İşiniz çok yorucu ya da potansiyel olarak tehlikeli mi? Bebeğiniz ve kendiniz için, muhtemelen hamileliğinizi erkenden duyurmak  isteyeceksiniz. Duyurunuzu hemen yapmak, değişen iş sorumluluklarınızla ilgili olarak zamanında konuşmanıza olanak tanıyacaktır.
Amiriniz ve iş arkadaşlarınız destekleyici olacak mı? Bu, işyeri kültürüne, işyerinin başka kadınların hamileliğinden etkilenme derecesine ve amirinizle ilişkinize bağlı olacaktır.

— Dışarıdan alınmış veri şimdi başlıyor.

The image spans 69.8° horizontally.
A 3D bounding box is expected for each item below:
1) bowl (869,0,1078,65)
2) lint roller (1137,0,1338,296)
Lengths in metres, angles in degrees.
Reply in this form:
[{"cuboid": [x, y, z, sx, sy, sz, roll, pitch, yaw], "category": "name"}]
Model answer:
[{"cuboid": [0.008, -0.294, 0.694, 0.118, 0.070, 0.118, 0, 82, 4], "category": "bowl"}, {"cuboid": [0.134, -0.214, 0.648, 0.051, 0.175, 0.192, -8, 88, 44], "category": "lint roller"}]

Amirinizin bu haberi profesyonel bir şekilde ele alacağından eminseniz, hamileliğinizi erkenden duyurmak, hamileliğinizi daha sağlıklı ve daha az stresli hale getirmenize yardımcı olabilen ve işveren tarafından sağlanan hizmetlerden faydalanabileceğiniz anlamına gelir.

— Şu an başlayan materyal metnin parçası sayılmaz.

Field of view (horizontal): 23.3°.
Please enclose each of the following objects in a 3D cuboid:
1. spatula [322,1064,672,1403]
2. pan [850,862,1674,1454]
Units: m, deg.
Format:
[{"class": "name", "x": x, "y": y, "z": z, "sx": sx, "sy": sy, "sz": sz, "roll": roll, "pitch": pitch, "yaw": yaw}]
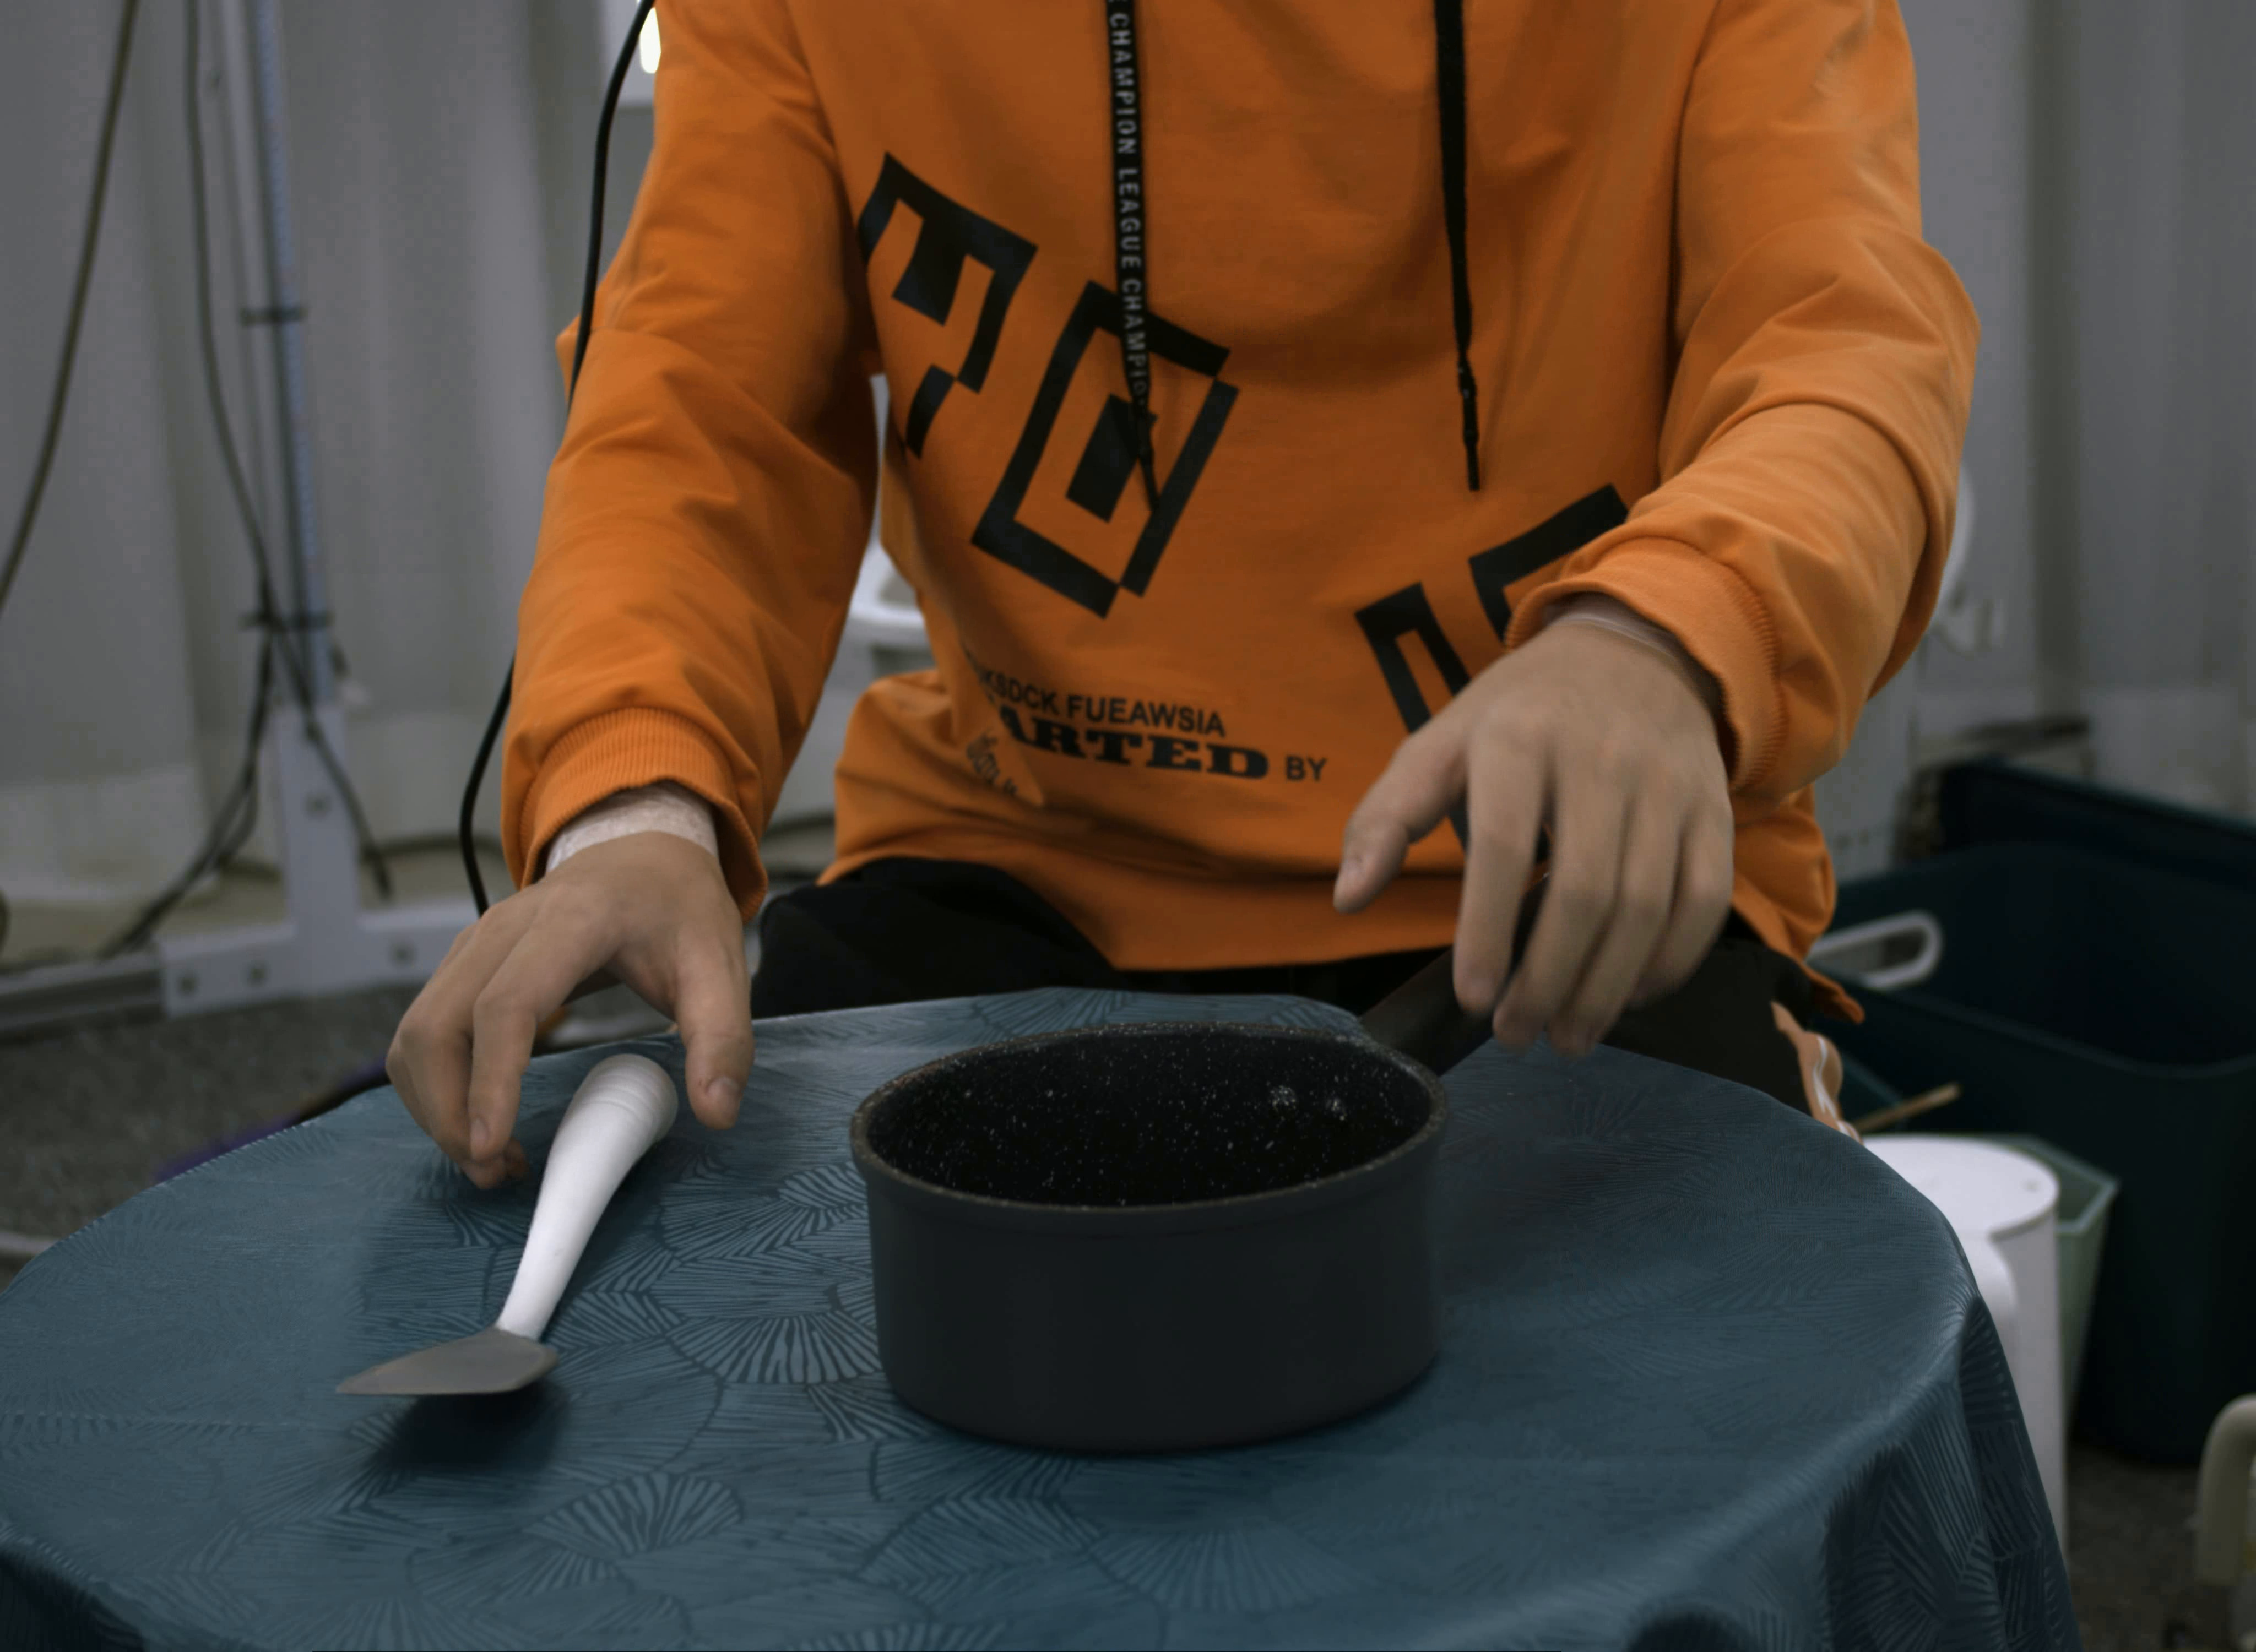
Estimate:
[{"class": "spatula", "x": -0.179, "y": 0.129, "z": 1.638, "sx": 0.058, "sy": 0.032, "sz": 0.289, "roll": 3, "pitch": 15, "yaw": 6}, {"class": "pan", "x": 0.058, "y": 0.094, "z": 1.618, "sx": 0.173, "sy": 0.086, "sz": 0.328, "roll": 10, "pitch": 21, "yaw": 38}]

Haftanın Faaliyet önerisi:
Bebeğinizle bağ kurmak için günlük bir ritüel başlatın.  Bir çok klinik psikolog , kadınların bebekleri hakkında düşünmek için günde beş ila on dakika ayırmalarını teşvik etmektedir. Birçok hamile kadın için uyandıktan hemen sonrası ve uykudan hemen öncesi iyi gelir. Bu zamanlarda, sessizce oturun ve ellerinizi hafifçe karnınızın üstüne koyun. Nefes alıp vermenize odaklanın ve daha sonra bebeğinizi düşünmeye başlayın (bir ebeveyn olarak umutlarınız ve hayalleriniz, niyetleriniz, vb.) Bağlanma sürecini başlatmanın ve olmak istediğiniz türde ebeveyn olmak için plan yapmanın müthiş bir yoludur.

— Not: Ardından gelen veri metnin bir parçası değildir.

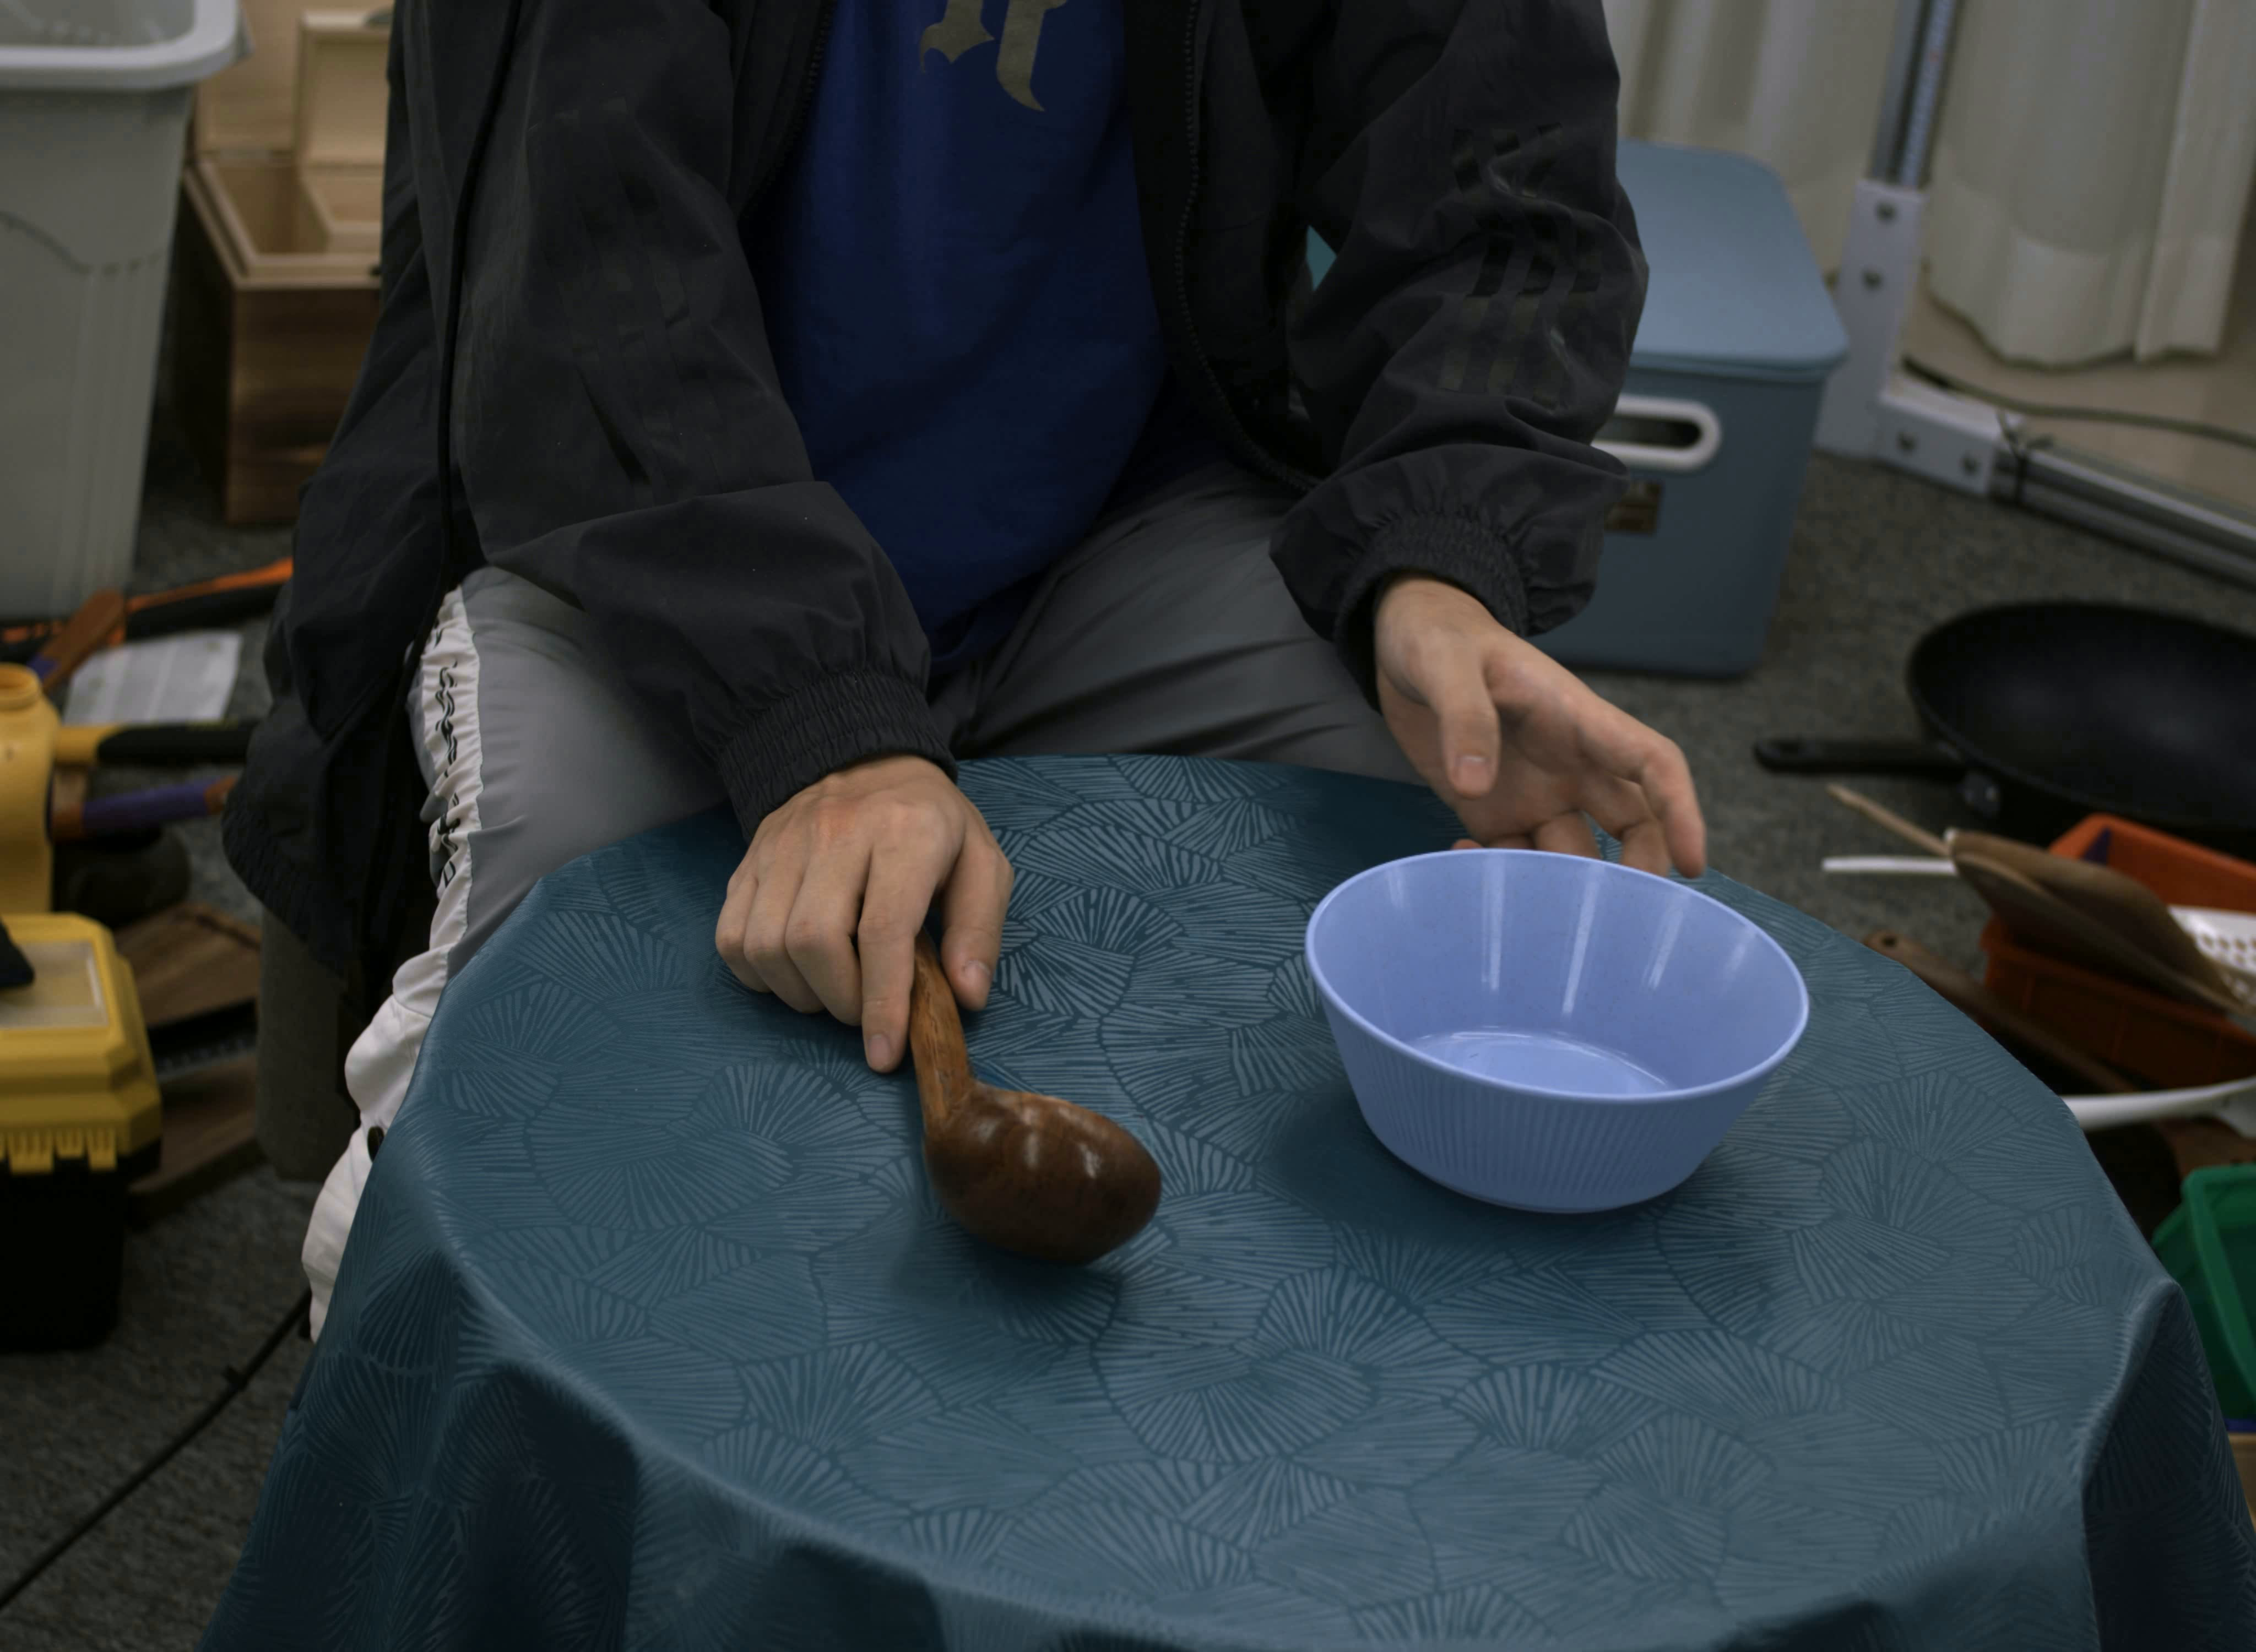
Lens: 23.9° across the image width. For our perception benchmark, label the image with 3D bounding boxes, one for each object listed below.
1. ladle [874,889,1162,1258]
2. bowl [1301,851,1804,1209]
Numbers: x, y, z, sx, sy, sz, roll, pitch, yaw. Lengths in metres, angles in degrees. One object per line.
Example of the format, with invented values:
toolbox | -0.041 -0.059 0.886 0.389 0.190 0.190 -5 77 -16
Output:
ladle | -0.045 0.066 1.830 0.081 0.076 0.276 44 13 -23
bowl | 0.143 0.076 1.851 0.175 0.070 0.177 6 26 -3

Gaz ve şişkinliği hafifletmek için ipuçları:
Bu haftalarda  muhtemelen aşırı gazlı ve şişkin  hissediyorsunuz..  Bunun başlıca nedeni, hamilelik sırasında, sindirim sisteminiz dahil olmak üzere, vücudunuzun tümünde düz kas dokusunu gevşeten progesteron seviyelerinin çok daha yüksek olmasıdır. Bu durum, sindiriminizi yavaşlattığı için daha fazla gaza, şişkinliğe, geğirmeye, mide gazına ve özellikle büyük bir yemekten sonra bağırsağınızda genellikle içler acısı bir duyarlığa yol açabilir.
Gaz ve şişkinliği azaltmanın en etkili yolu, buna en çok sebep olan gıdaların tüketilmesini durdurmaktır. Bir gıda günlüğü tutmak, sizin için tetikleyici nitelikteki gıdaları belirlemenize yardımcı olabilir. Rahatlamak için yapabileceğiniz diğer birkaç işlem aşağıdaki gibidir:

·      Gün boyunca birkaç ara öğün yapın  ve yerken sıvıları sınırlandırın.
·       Her zaman oturarak yiyin, yavaşça ve tamamen çiğneyin.
·       Karbonatlı içeceklerden, çikletten ve sert şekerlerden kaçının.
·       Bol ve rahat giysiler giyin ; beliniz ve göbek çevreniz çok dar veya  sıkı olmasın.
·      Egzersiz, hatta hafif tempolu yürüyüş bile hareketsiz sindirim sisteminize yardımcı olabilir.

Hekimler, doğum tarihini nasıl belirler ve bunlara ne kadar güvenebilirsiniz?
Eğer 28 günlük düzenli bir adet döngünüz varsa, hekimler,doğum tarihinizi  son adetinizin ilk gününden itibaren 40 haftayı sayarak hesaplar. Ancak son adetinizin ilk gününü bilmiyorsanız ya da adetleriniz düzensizse, erken yapılan ultrason, oldukça doğru bir doğum tarihi sağlayabilir çünkü ilk üç ayda ceninin gelişiminde az bir farklılık vardır ve bu nedenle bebeğinizin ne kadar yakında ya da uzakta olduğunu tespit etmek kolaydır. Doğum tarihiniz ister son adetinizin ilk gününe dayalı olsun, ister ultrasondan kaynaklansın,  bebeklerin nadiren tam gününde yani 40. haftanın sonunda geldiğini unutmayın.